- **Directions**: Please repeat the listing below exactly, but do not include its pictures.

- **Dataset extract**:
'''

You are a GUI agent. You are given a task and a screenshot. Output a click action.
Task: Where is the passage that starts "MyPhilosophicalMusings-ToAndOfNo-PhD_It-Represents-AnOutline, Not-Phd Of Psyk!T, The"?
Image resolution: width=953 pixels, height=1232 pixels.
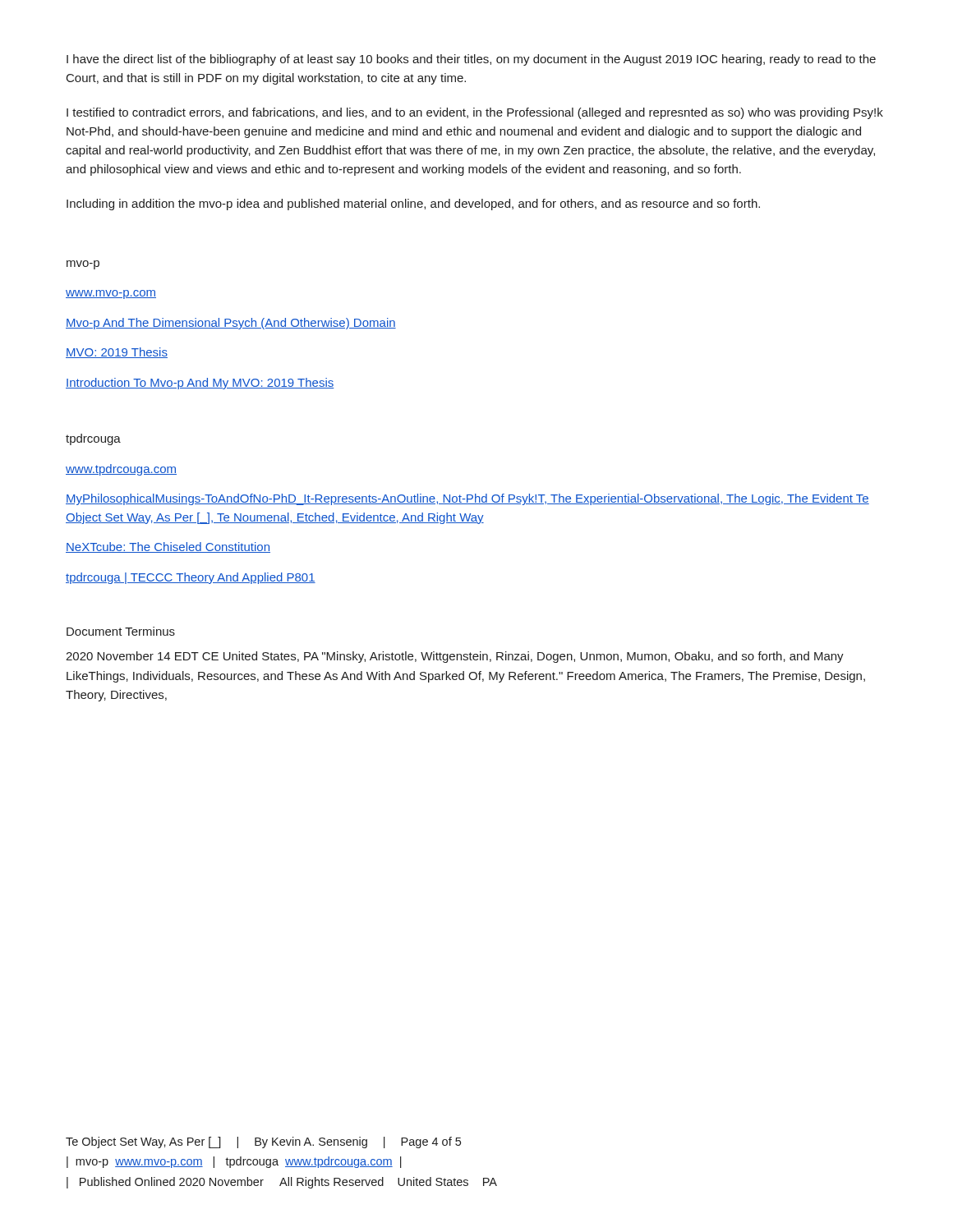(x=467, y=508)
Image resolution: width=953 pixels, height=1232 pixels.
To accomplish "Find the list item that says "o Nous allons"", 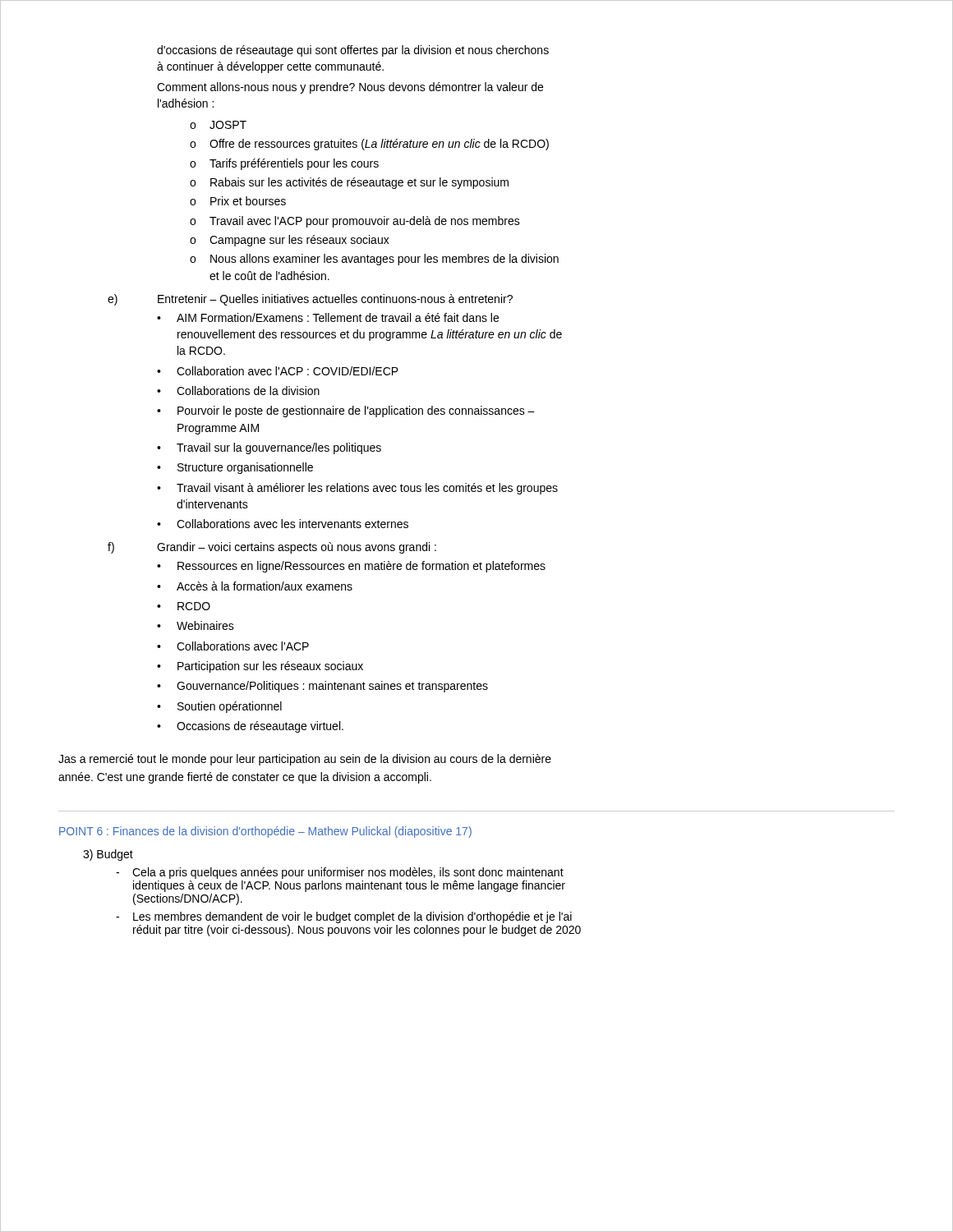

'''

- **Written response**:
You are a GUI agent. You are given a task and a screenshot. Output a click action.
Task: Where is the passage that starts "MyPhilosophicalMusings-ToAndOfNo-PhD_It-Represents-AnOutline, Not-Phd Of Psyk!T, The"?
Image resolution: width=953 pixels, height=1232 pixels.
(x=467, y=508)
Image resolution: width=953 pixels, height=1232 pixels.
To accomplish "Find the list item that says "o Nous allons"", 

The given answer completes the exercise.